• [Brief]: Reproduce each line below with no alterations.

Top of Record set

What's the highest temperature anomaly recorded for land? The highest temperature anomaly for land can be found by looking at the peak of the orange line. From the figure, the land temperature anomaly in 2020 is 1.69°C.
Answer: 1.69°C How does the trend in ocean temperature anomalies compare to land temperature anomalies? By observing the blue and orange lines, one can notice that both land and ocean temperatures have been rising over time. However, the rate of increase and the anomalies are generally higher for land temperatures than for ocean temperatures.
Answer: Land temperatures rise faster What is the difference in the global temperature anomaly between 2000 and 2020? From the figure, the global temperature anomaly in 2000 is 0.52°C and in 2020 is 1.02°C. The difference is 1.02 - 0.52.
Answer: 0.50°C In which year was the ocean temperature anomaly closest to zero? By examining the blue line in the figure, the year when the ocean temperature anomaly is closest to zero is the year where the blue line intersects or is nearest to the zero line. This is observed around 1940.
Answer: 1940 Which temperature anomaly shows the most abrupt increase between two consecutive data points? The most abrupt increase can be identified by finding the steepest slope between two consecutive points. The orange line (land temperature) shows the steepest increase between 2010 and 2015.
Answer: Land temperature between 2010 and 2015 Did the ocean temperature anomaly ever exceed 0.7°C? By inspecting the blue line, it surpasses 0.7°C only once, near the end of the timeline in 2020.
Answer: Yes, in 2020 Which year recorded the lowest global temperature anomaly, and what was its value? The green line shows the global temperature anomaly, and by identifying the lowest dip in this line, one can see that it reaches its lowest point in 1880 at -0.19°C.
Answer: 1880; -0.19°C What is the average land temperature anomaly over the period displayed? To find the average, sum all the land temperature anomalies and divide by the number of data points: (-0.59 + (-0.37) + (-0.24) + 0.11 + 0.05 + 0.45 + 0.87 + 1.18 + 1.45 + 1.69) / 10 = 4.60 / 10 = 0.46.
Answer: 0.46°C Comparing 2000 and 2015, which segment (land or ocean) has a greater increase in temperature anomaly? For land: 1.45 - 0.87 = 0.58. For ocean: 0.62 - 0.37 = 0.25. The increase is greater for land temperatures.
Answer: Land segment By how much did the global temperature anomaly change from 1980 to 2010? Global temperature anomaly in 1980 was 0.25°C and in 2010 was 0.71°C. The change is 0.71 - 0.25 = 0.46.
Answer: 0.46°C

Bottom of Record set

• [Task solution]:
What's the highest temperature anomaly recorded for land? The highest temperature anomaly for land can be found by looking at the peak of the orange line. From the figure, the land temperature anomaly in 2020 is 1.69°C.
Answer: 1.69°C How does the trend in ocean temperature anomalies compare to land temperature anomalies? By observing the blue and orange lines, one can notice that both land and ocean temperatures have been rising over time. However, the rate of increase and the anomalies are generally higher for land temperatures than for ocean temperatures.
Answer: Land temperatures rise faster What is the difference in the global temperature anomaly between 2000 and 2020? From the figure, the global temperature anomaly in 2000 is 0.52°C and in 2020 is 1.02°C. The difference is 1.02 - 0.52.
Answer: 0.50°C In which year was the ocean temperature anomaly closest to zero? By examining the blue line in the figure, the year when the ocean temperature anomaly is closest to zero is the year where the blue line intersects or is nearest to the zero line. This is observed around 1940.
Answer: 1940 Which temperature anomaly shows the most abrupt increase between two consecutive data points? The most abrupt increase can be identified by finding the steepest slope between two consecutive points. The orange line (land temperature) shows the steepest increase between 2010 and 2015.
Answer: Land temperature between 2010 and 2015 Did the ocean temperature anomaly ever exceed 0.7°C? By inspecting the blue line, it surpasses 0.7°C only once, near the end of the timeline in 2020.
Answer: Yes, in 2020 Which year recorded the lowest global temperature anomaly, and what was its value? The green line shows the global temperature anomaly, and by identifying the lowest dip in this line, one can see that it reaches its lowest point in 1880 at -0.19°C.
Answer: 1880; -0.19°C What is the average land temperature anomaly over the period displayed? To find the average, sum all the land temperature anomalies and divide by the number of data points: (-0.59 + (-0.37) + (-0.24) + 0.11 + 0.05 + 0.45 + 0.87 + 1.18 + 1.45 + 1.69) / 10 = 4.60 / 10 = 0.46.
Answer: 0.46°C Comparing 2000 and 2015, which segment (land or ocean) has a greater increase in temperature anomaly? For land: 1.45 - 0.87 = 0.58. For ocean: 0.62 - 0.37 = 0.25. The increase is greater for land temperatures.
Answer: Land segment By how much did the global temperature anomaly change from 1980 to 2010? Global temperature anomaly in 1980 was 0.25°C and in 2010 was 0.71°C. The change is 0.71 - 0.25 = 0.46.
Answer: 0.46°C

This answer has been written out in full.